華やかな江戸文化と、不正による「銀座」の消滅
江戸時代の銀座はすでに活気あふれる街でした。裏手には職人町が広がり、京橋川沿いには青物市場や竹河岸(建築資材の竹を売買する場)があって活発な水運流通が行われていたそうです。

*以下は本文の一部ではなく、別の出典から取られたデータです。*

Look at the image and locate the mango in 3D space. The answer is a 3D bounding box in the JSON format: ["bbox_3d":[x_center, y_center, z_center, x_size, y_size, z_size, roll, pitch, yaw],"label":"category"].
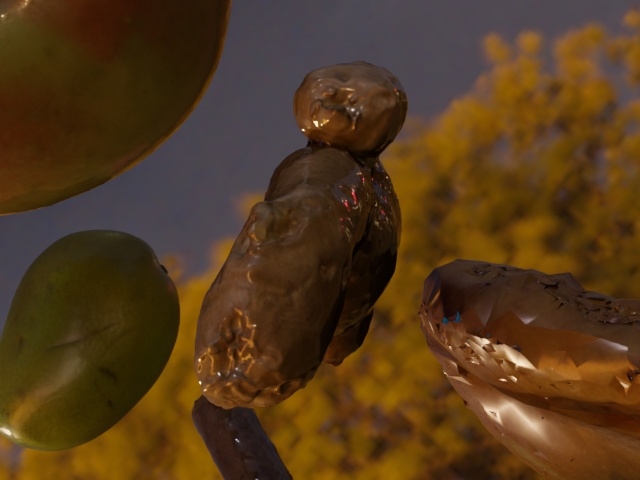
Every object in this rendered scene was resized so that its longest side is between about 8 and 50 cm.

現在の銀座通りとみゆき通りの交差点(尾張町周辺)には、恵比須屋、亀屋、布袋屋といった呉服店が軒を並べ、日本橋の三井越後屋に匹敵する大繁盛ぶりだったといいます。
さらに、観世、金春(こんぱる)、金剛といった能役者の拝領屋敷があり、狩野派の画塾や、木挽町の芝居小屋(歌舞伎)など、文化人や役者たちが集う華やかな街でもありました。なお、のちに誕生する新橋芸者の源流は、この地にいた金春流の師匠たち(金春芸者)だと言われています。
銀座は幕府から銀貨鋳造を任された特権的な組織でした。しかし、その立場を利用した不正も起きます。
17世紀には、精錬した銀の量を実際より少なく申告する事件が発覚。幕府は次第に監視を強めていきました。
それでも銀座は独自の利益を追求する傾向を強め、1800年、幕府はついに銀座人を一新して、事実上の直営化に踏み切ります。翌年には銀座役所も京橋から日本橋蠣殻町へ移されました。
当時の正式な町名は「新両替町」でしたが、役所が去った後も人々が親しんだ「銀座」という通称だけがその場所に残ったのです(その後、1869年に正式な町名となりました)。